DATASET RECORDS:

+ + + +

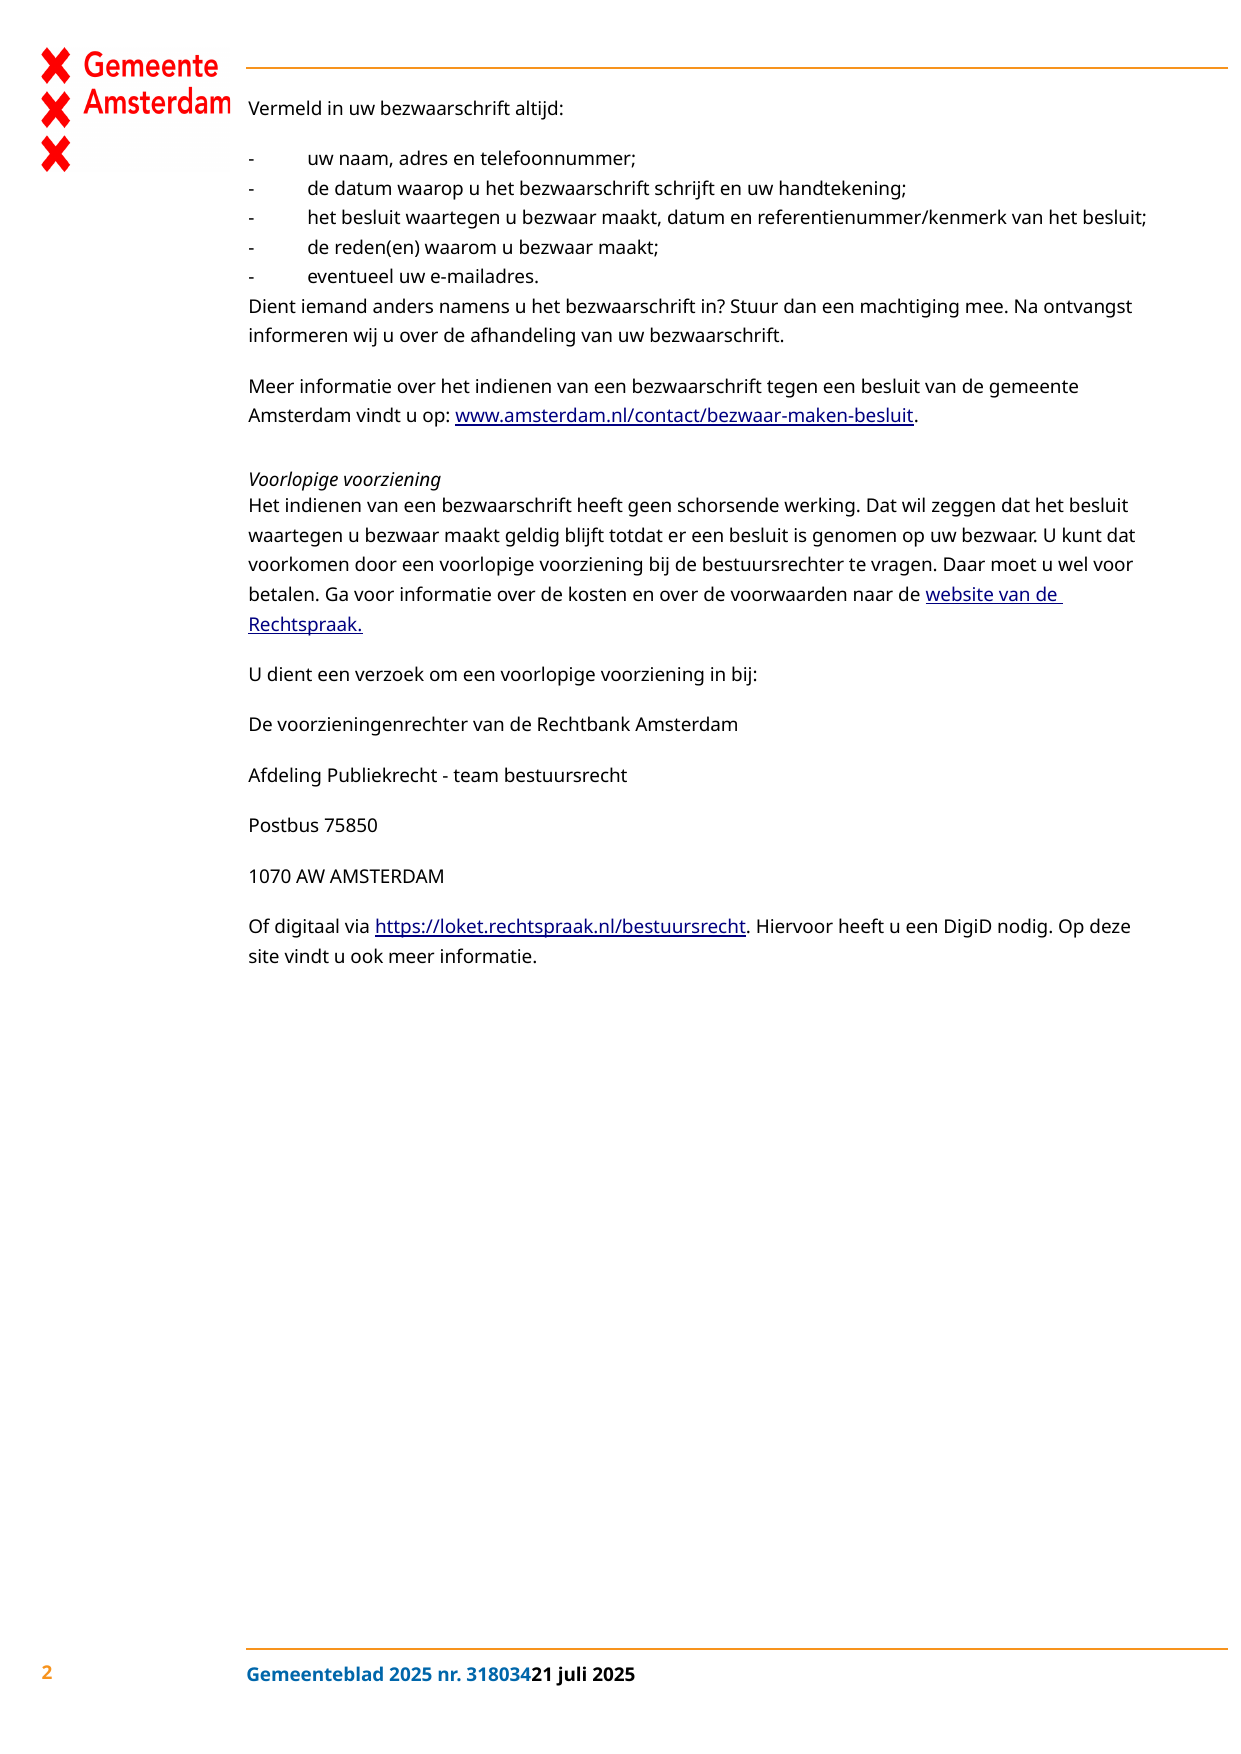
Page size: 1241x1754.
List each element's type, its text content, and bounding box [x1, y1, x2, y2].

text Meer informatie over het indienen van een bezwaarschrift tegen een besluit van de gemeente Amsterdam vindt u op: www.amsterdam.nl/contact/bezwaar-maken-besluit. [248, 373, 1152, 428]
list de reden(en) waarom u bezwaar maakt; [248, 234, 1152, 260]
text Voorlopige voorziening [248, 467, 1152, 492]
list de datum waarop u het bezwaarschrift schrijft en uw handtekening; [248, 175, 1152, 201]
text Vermeld in uw bezwaarschrift altijd: [248, 95, 1152, 121]
text Of digitaal via https://loket.rechtspraak.nl/bestuursrecht. Hiervoor heeft u een DigiD nodig. Op deze site vindt u ook meer informatie. [248, 913, 1152, 968]
text U dient een verzoek om een voorlopige voorziening in bij: [248, 661, 1152, 687]
list het besluit waartegen u bezwaar maakt, datum en referentienummer/kenmerk van het besluit; [248, 204, 1152, 230]
list eventueel uw e-mailadres. [248, 263, 1152, 289]
text 1070 AW AMSTERDAM [248, 863, 1152, 888]
text Afdeling Publiekrecht - team bestuursrecht [248, 762, 1152, 788]
text Het indienen van een bezwaarschrift heeft geen schorsende werking. Dat wil zeggen dat het besluit waartegen u bezwaar maakt geldig blijft totdat er een besluit is genomen op uw bezwaar. U kunt dat voorkomen door een voorlopige voorziening bij de bestuursrechter te vragen. Daar moet u wel voor betalen. Ga voor informatie over de kosten en over de voorwaarden naar de website van de Rechtspraak. [248, 492, 1152, 636]
text Postbus 75850 [248, 812, 1152, 838]
picture [41, 47, 231, 172]
text De voorzieningenrechter van de Rechtbank Amsterdam [248, 712, 1152, 737]
list uw naam, adres en telefoonnummer; [248, 145, 1152, 171]
text Dient iemand anders namens u het bezwaarschrift in? Stuur dan een machtiging mee. Na ontvangst informeren wij u over de afhandeling van uw bezwaarschrift. [248, 293, 1152, 348]

+ + + +

YOUR GOAL: What is needed is a copy of every line above in which "besluit" appears.

TASK OUTPUT:
text Meer informatie over het indienen van een bezwaarschrift tegen een besluit van de gemeente Amsterdam vindt u op: www.amsterdam.nl/contact/bezwaar-maken-besluit. [248, 373, 1152, 428]
list het besluit waartegen u bezwaar maakt, datum en referentienummer/kenmerk van het besluit; [248, 204, 1152, 230]
text Het indienen van een bezwaarschrift heeft geen schorsende werking. Dat wil zeggen dat het besluit waartegen u bezwaar maakt geldig blijft totdat er een besluit is genomen op uw bezwaar. U kunt dat voorkomen door een voorlopige voorziening bij de bestuursrechter te vragen. Daar moet u wel voor betalen. Ga voor informatie over de kosten en over de voorwaarden naar de website van de Rechtspraak. [248, 492, 1152, 636]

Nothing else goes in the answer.